Robert "Bob" DeMarco (born September 16, 1938) is a former American football center who played fifteen seasons in the National Football League for four teams.

Raised in Wood-Ridge, New Jersey, DeMarco graduated in 1956 from St. Mary High School in nearby Rutherford, where he played both offense and defense on the school's football team. He transferred to the University of Dayton from Indiana University, graduating in 1961 with degrees in business management and economics. After three years playing football with the Indiana Hoosiers and Dayton Flyers, and with one year of collegiate eligibility remaining, he was picked by the Chicago Cardinals in the 14th round of 1960 NFL Draft, the 157th overall selection. DeMarco played in the NFL from 1961 to 1969 for the St. Louis Cardinals, from 1970 to 1971 for the Miami Dolphins, from 1972 to 1974 for the Cleveland Browns  and in 1975 for the Los Angeles Rams

DeMarco was named to three Pro Bowls (1963, 1965, 1967) and one first-team All-Pro team (1967) while playing for the Cardinals.
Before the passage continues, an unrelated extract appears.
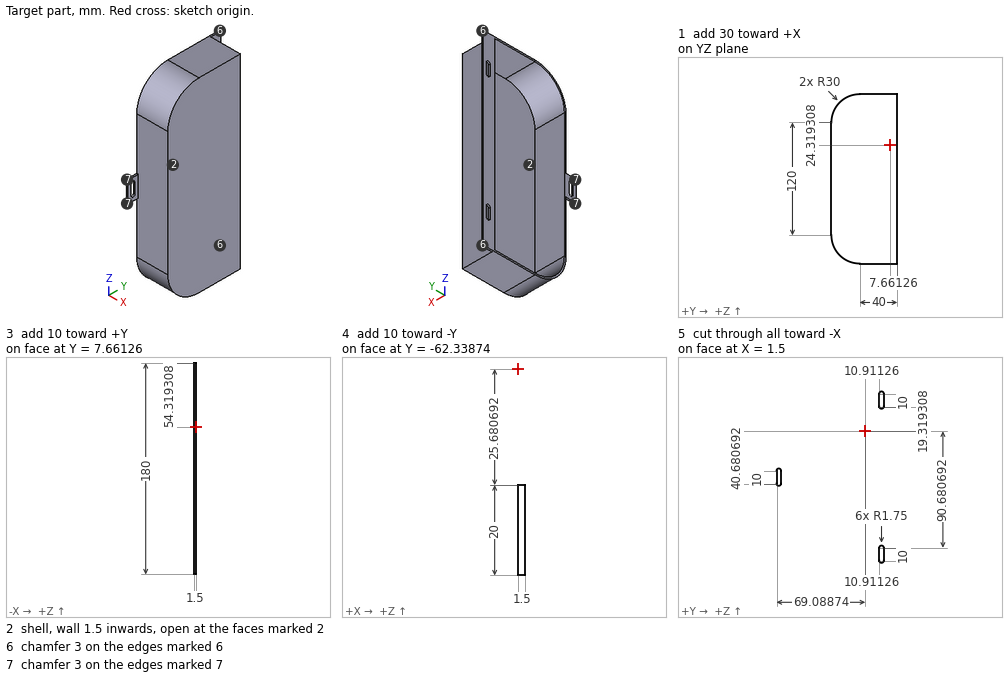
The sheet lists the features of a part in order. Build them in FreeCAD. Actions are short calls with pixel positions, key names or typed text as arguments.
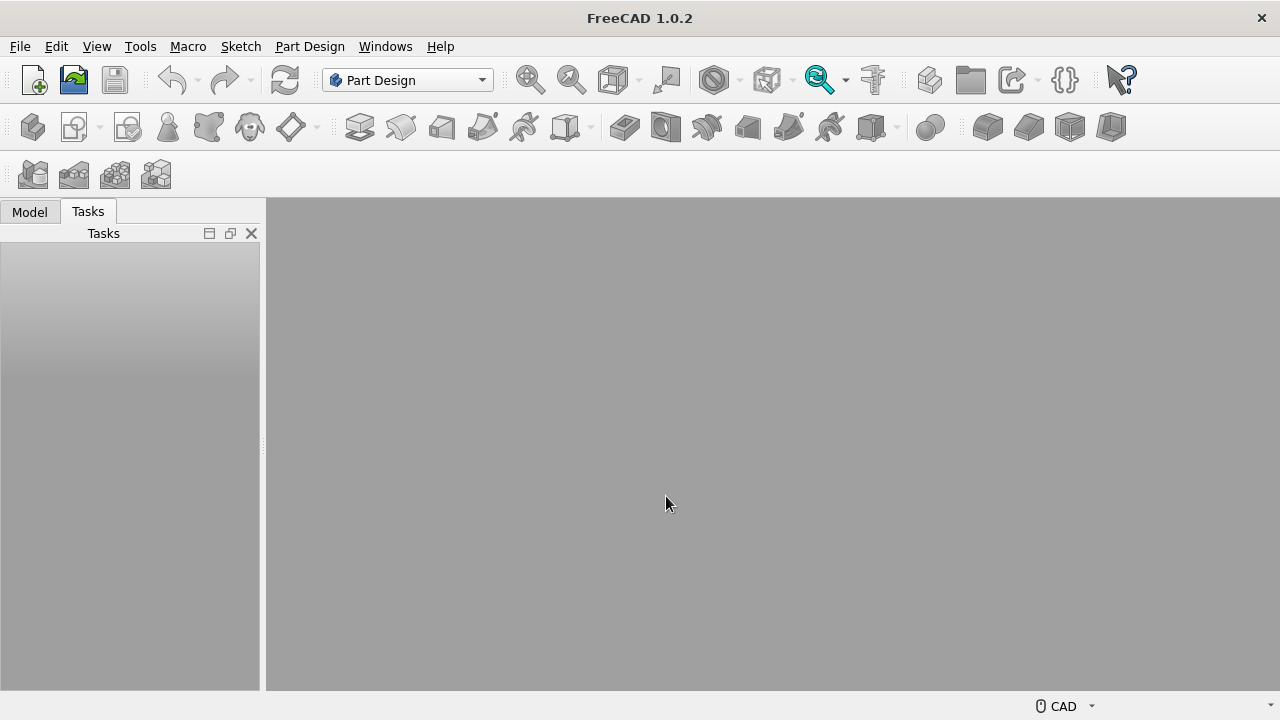
click(33, 80)

In 1967, DeMarco was awarded a game ball after playing with a broken wrist and torn rib cartilage. The Cardinals released DeMarco after the 1969 season and he soon signed a contract with the Miami Dolphins.

DeMarco started every game at center for the Dolphins 1971 that went to the Super Bowl but lost his starting job to Jim Langer during the 1972 preseason.  He was traded the Buffalo Bills but refused to report and retired.  After missing the first two games of the 1972 season he agreed to be traded to the Browns in exchange for a draft pick.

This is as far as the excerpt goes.